Неудобно вспоминать о том, что я любил журналистов и любил журналистику. Я любил передачу и понимал, что от моего выбора что-то зависит. Это был детский период нашей демократии, который, к сожалению, там, в детстве, и закончился. Есть стыд за то, что так развели нас всех, ребята. И я в это во все поверил. Как говорит сейчас некий абстрактный средний человек: «Да идите вы со своей демократией»…
«СП»: — Влад мог бы вести сейчас какую-нибудь передачу?
— Я боюсь, что не только Влад, но и я были бы сегодня на телеэкране. Те блага, и та жизнь, которой живут сегодня телевизионные звезды, не важно, в кадре они или за кадром, они настолько завораживает, настолько увлекают… И это настолько прикрепляет к этой несчастной игре под названием «телевидение», что уйти оттуда, как от наркотиков, наверно, невозможно.
«СП»: — Нет такого ощущения, что сегодня современное телевидение представляет собой большой супермаркет? И в этом супермаркете есть дорогой продукт, есть более дешевый, но все это продукт.
— Я бы не стал все определять одни словом — телевидение. Я очень хорошо знаю, что собой представляет маленький сегмент под названием «политика» и «публицистика». Все остальное, так называемое развлекательное телевидение, на мой взгляд, сегодня в тысячу раз богаче, чем то, что делали мы. Технические и финансовые возможности сегодня таковы, что мы по сравнению с ними — убогие. Я имею в виду то, что называется развлечением.
Обидно за другое: при всех технических возможностях начисто ушло с телевидения то, ради чего, например, меня брали в Останкино. Меня, ленинградского инженера, между прочим, а не журналиста и не режиссера.

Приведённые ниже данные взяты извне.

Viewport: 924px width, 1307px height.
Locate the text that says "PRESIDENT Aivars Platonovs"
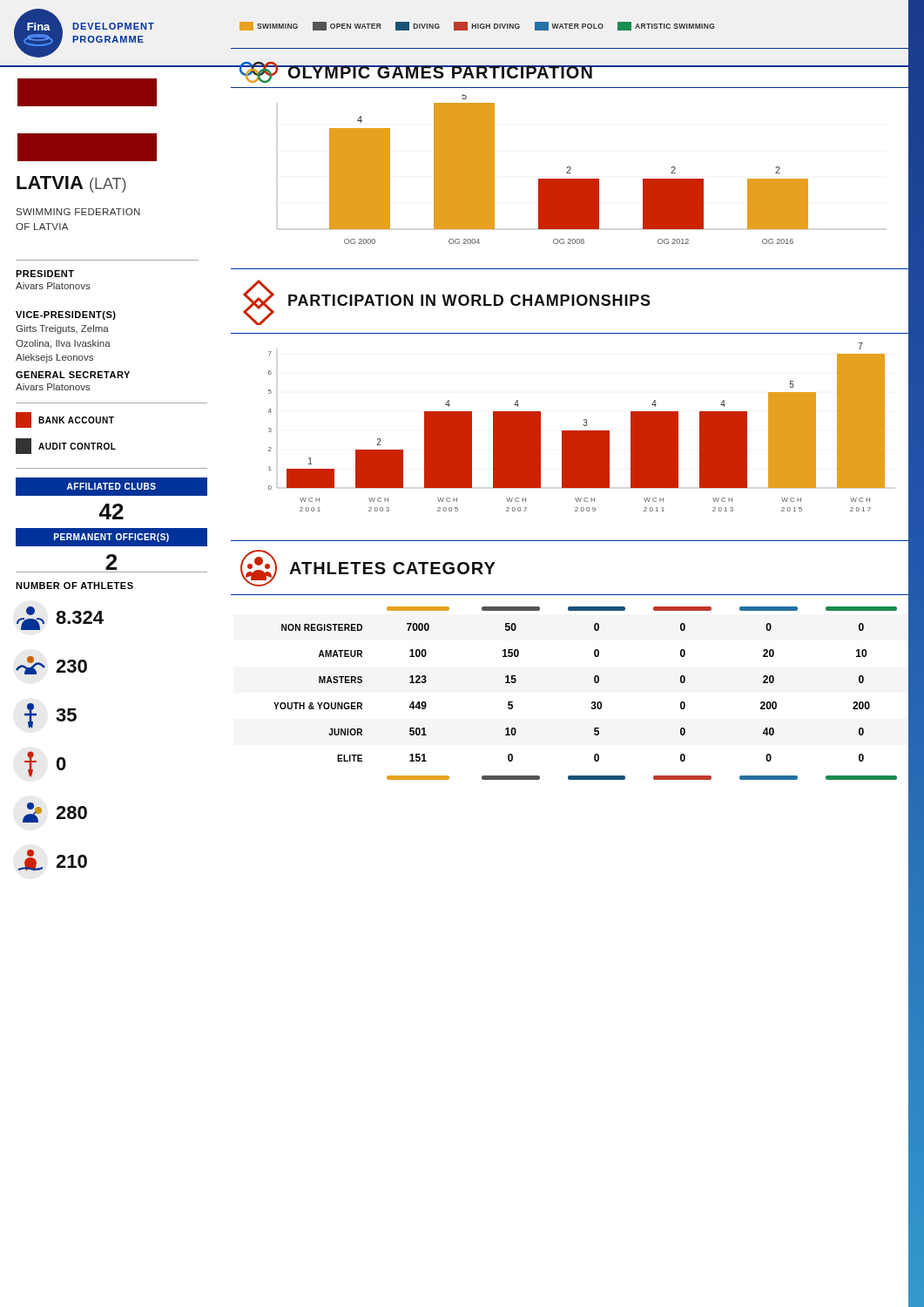tap(53, 280)

Брали потому, что я умел придумывать телевизионные передачи. Рядом со мной в молодежной редакции Центрального телевидения, и в музыкальной редакции работали такие же люди. Они умели создавать телевизионный продукт. Сегодня все восторгаются «Голосом». А я хочу сказать: «Ребята, а как насчет „Шире круг“ или „Алло, мы ищем таланты“? Если бы не было выкошено целое поколение создателей телепередач, неужели бы мы не сделали своего продукта?» Это не квасной патриотизм.

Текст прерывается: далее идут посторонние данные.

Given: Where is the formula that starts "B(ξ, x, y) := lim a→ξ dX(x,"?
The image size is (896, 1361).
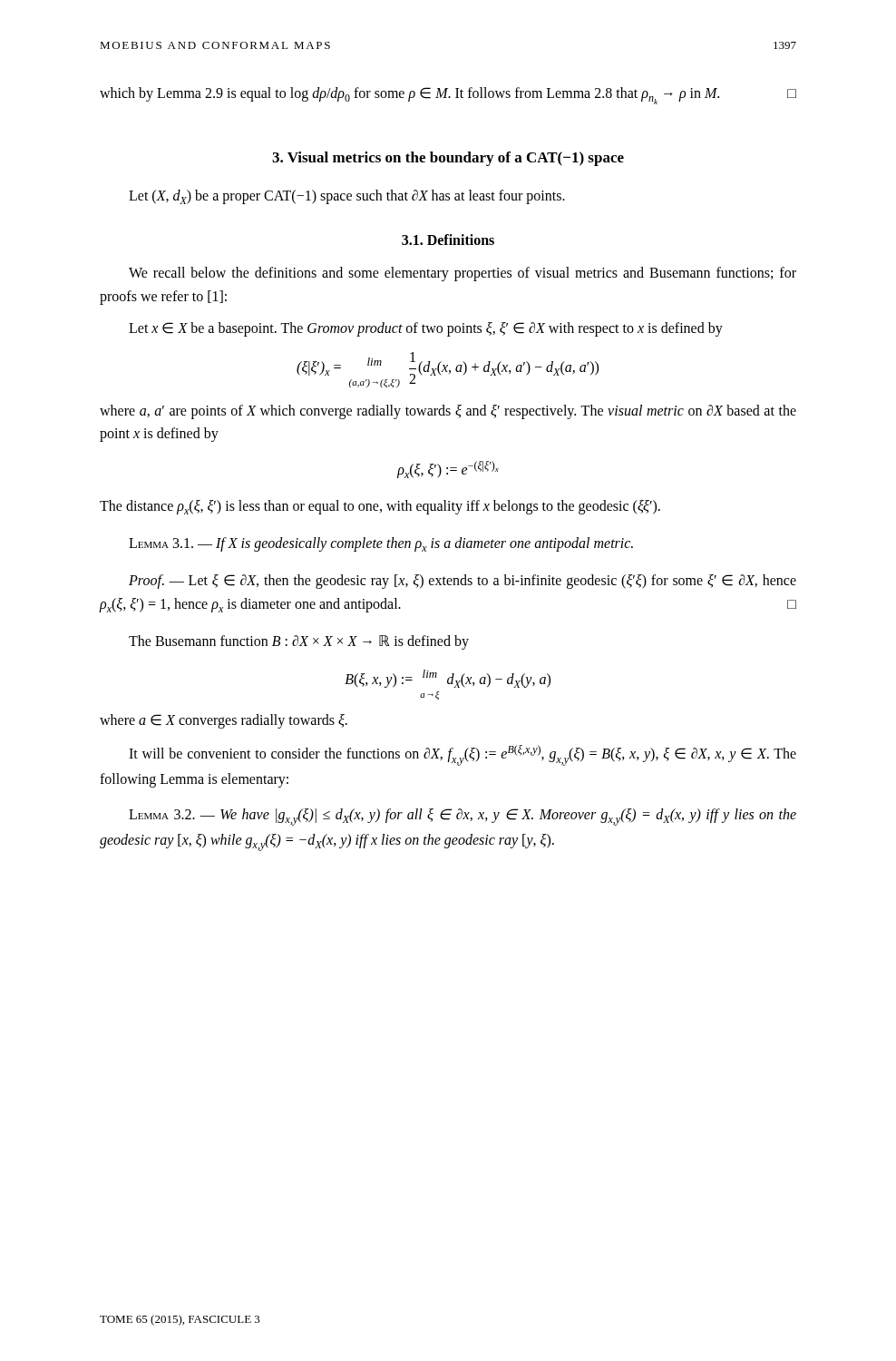Looking at the screenshot, I should tap(448, 681).

Все, что касается развлечений, сегодня сделано прекрасно. Но мне это не очень нравится, потому что это — не наше. А вот о том, что мне хорошо знакомо, о политических и публицистических передачах, говорить с точки зрения журналистики нельзя. Потому что журналистики там в принципе нет. Телевидение выполняет абсолютно другую функцию. Еще год назад я обязывал своих студентов смотреть некие телевизионные передачи, потому что было чему учиться. Сегодня учиться нечему. Во всяком случае, с первого марта прошлого года я, преподаватель телевизионной журналистики, не смотрю телевизор… Это прекрасный повод для того, чтобы накапливать материал для будущих своих репортажей. Когда настанет время, и все будут спрашивать: «Как же так? Как же это получилось? Мы же этого ничего не знали». Знали. И я надеюсь, что мои нынешние студенты когда-нибудь об этом будут рассказывать.
Сам удивляюсь, что впервые не могу ответить на вопрос «Как я отношусь к сегодняшнему телевидению?» Никак. Потому что сегодня телевидения в моем понимании нет.
P.S. Я очень ценю талант Владимира Мукусева, но не могу в заключение удержаться от стандартного резюме: «Мнение собеседника может не совпадать с мнением интервьюера». Каждый имеет право на ошибку. Совершал их, очевидно, и великолепный продюсер и телеведущий Влад Листьев. Все совершают ошибки. Но не все платят ту цену, которую заплатил Владислав. Пусть его помнят. Пусть не забывают. Пусть судят и рассуждают.